- Born: Eleanor Logan 9 March 1936 Kilmarnock, Scotland
- Died: 8 November 2009 (aged 73) Cape Town
- Spouse: Ronnie Kasrils

= Eleanor Kasrils =

South African anti-apartheid activist (1936–2009)

Eleanor Kasrils (9 March 1936 – 8 November 2009) was a Scottish-South African anti-apartheid activist.

== Early life ==
Eleanor Logan was born in Kilmarnock, Scotland in 1936, the daughter of bookseller Jimmy Logan and Helen Logan. She was raised in Durban, South Africa.

== Activism ==
Eleanor Logan worked in a bookstore in Durban in the early 1960s. She and Ronnie Kasrils were persuaded to campaign against apartheid in the aftermath of the Sharpeville massacre in 1960, as members of Umkhonto we Sizwe (MK), the armed wing of the African National Congress (ANC). In 1961, she helped Kasrils and others steal dynamite from a work site in Durban. She helped Ronnie Kasrils escape house arrest in 1963, and assisted banished and underground activists, as a driver, courier, and fundraiser.

In 1963, Kasrils was detained at Durban Central Prison under the 90 Day Act, and was admitted to the mental hospital at Fort Napier after a hunger strike and a feigned breakdown; she escaped from Fort Napier, at times in disguise as a boy, or passing as a nurse with forged identification, and joined Ronnie Kasrils in Johannesburg. From there, the Kasrils escaped to Bechuanaland (Botswana), again in disguise, and were granted political asylum. They soon moved again, to Tanzania, and eventually to the United Kingdom.

She was an assistant to Oliver Tambo who was the ANC President. She recruited the casting director Susie Figgis to support the cause.

In 1979, she served on the International Year of the Child committee of the African National Congress in London.

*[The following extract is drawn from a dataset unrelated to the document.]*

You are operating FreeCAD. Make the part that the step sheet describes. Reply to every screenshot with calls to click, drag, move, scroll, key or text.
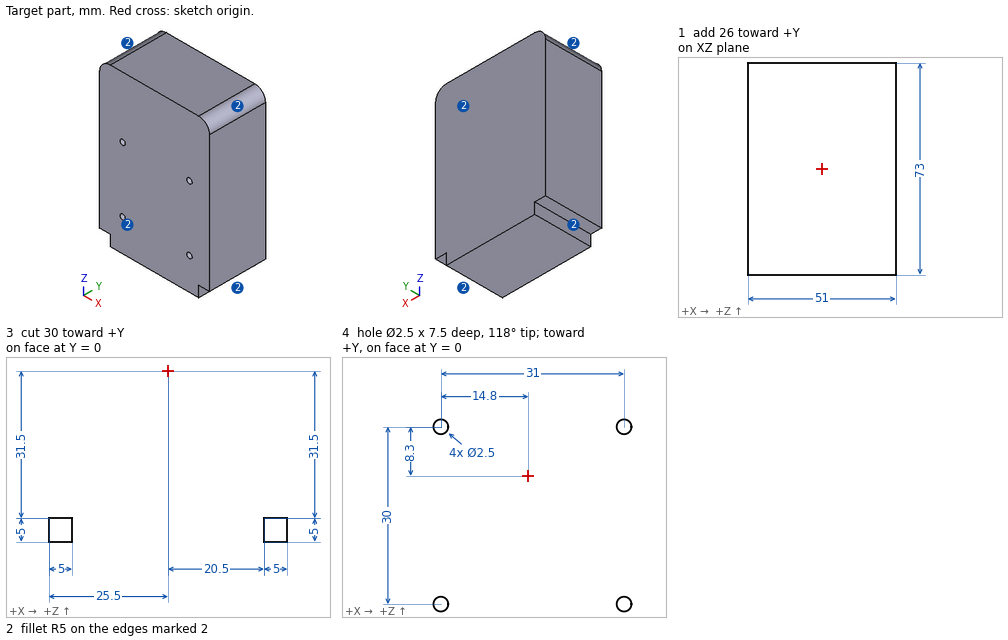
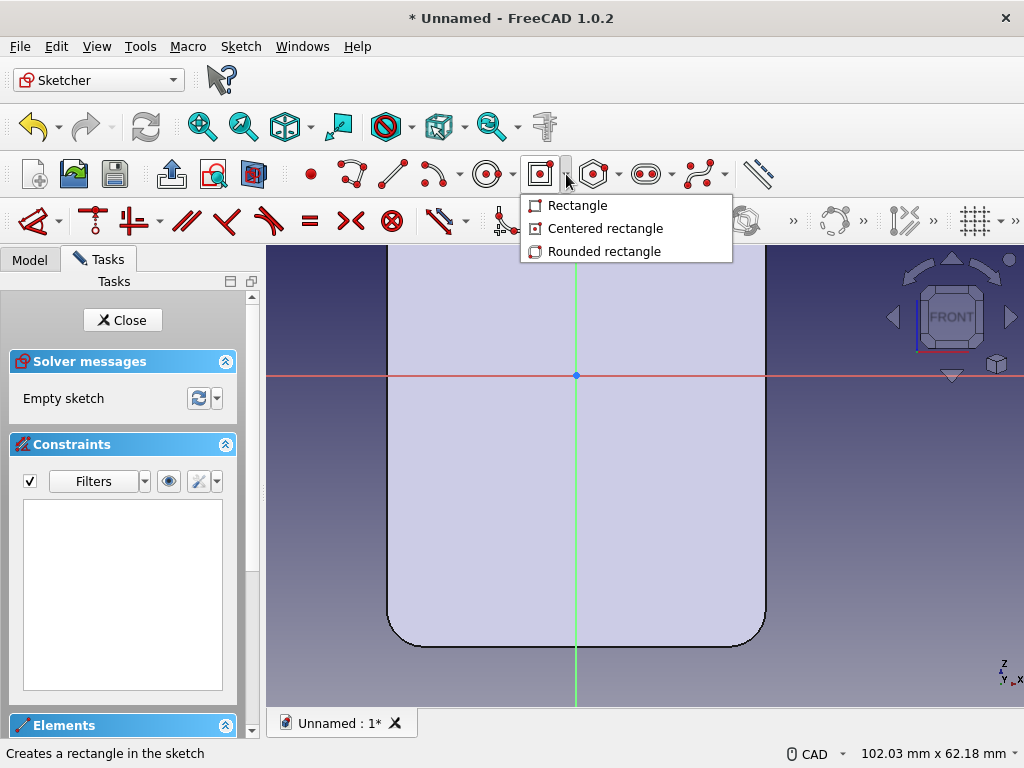
click(626, 206)

She worked at the London College of Fashion as an administrator, and remained active on behalf of the ANC in England and Scotland until 1993, when she returned to South Africa with her husband and son. The Kasrils were granted amnesty in 2001. Her husband became South Africa's Minister of Intelligence Services in 2004.

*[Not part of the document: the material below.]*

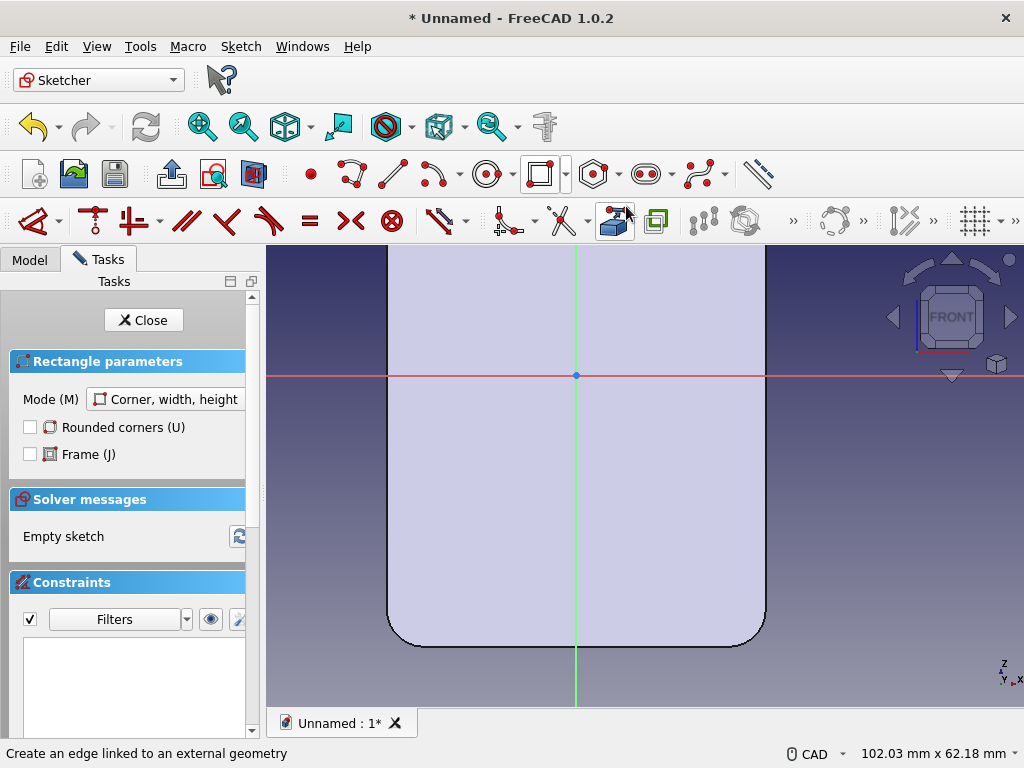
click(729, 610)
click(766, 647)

== Personal life and legacy ==
Eleanor married her second husband Ronnie Kasrils in 1964, in Dar es Salaam, after several years together. Her children included Brigid, her daughter from her first marriage, and sons Andrew Kasrils and Christopher Kasrils, both born in London. Upon her death from a stroke in late 2009, at age 73, Nelson Mandela paid tribute to Kasrils' work, and referred to her as a “genteel and elegant Scottish woman”. Her widower published a biography of Kasrils, The Unlikely Secret Agent, in 2010.